Segment Start: Source material

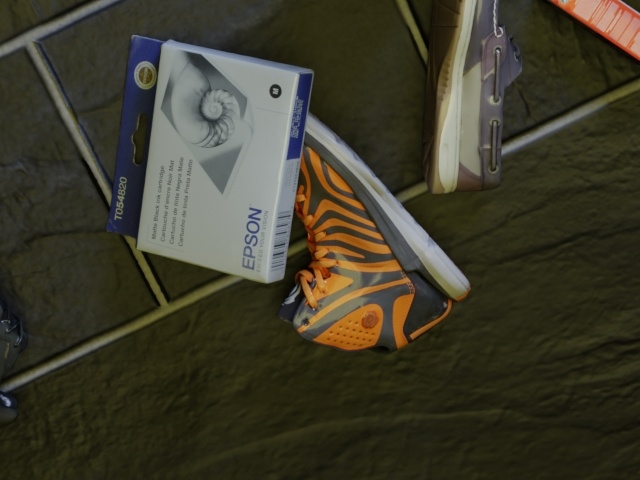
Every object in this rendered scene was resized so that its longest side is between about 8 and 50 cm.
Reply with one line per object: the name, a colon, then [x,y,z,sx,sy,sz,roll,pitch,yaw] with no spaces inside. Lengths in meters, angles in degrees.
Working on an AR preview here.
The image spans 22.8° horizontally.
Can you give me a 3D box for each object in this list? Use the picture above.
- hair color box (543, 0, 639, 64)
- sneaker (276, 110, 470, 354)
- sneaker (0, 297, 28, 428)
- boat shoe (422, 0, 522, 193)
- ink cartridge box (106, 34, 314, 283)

Segment End: Source material
Segment Start: Source material

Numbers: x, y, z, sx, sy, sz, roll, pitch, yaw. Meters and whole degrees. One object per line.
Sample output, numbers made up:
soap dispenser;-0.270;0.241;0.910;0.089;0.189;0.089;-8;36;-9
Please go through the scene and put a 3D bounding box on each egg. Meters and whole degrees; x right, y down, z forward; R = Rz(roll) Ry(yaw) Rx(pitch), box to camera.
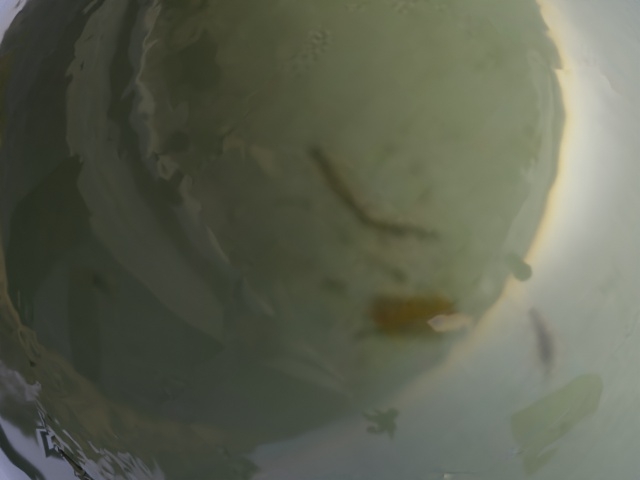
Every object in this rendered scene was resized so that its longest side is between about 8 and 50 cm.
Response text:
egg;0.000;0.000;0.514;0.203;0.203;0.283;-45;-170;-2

Segment End: Source material

## [Exercise goal]
Find every line above that includes the word "roll" and report only how many there are.

## [Answer box]
3